┌────────
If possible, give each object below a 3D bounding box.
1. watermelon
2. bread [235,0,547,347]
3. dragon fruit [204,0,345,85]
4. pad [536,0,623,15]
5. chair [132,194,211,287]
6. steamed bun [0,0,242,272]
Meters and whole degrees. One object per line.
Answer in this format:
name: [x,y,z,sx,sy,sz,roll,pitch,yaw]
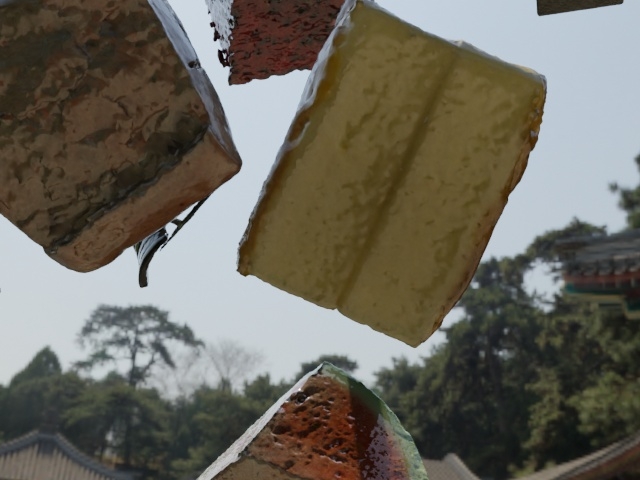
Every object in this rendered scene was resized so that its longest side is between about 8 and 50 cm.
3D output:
watermelon: [-0.013,0.260,0.830,0.260,0.256,0.176,28,-11,12]
bread: [0.073,-0.078,0.786,0.207,0.279,0.279,25,11,2]
dragon fruit: [-0.113,-0.375,1.167,0.240,0.330,0.302,-45,-29,5]
pad: [0.410,-0.476,1.277,0.142,0.212,0.003,-7,13,5]
chair: [-0.228,-0.059,0.921,0.145,0.140,0.221,3,-44,-39]
steamed bun: [-0.135,-0.080,0.445,0.144,0.175,0.106,-31,1,-3]
└────────
- [WHAT YOU NEED TO DO]: Note every line above where the string "object" shows up, and copy those lines.

- [RESULT FOR THIS EXERCISE]:
If possible, give each object below a 3D bounding box.
Meters and whole degrees. One object per line.
Every object in this rendered scene was resized so that its longest side is between about 8 and 50 cm.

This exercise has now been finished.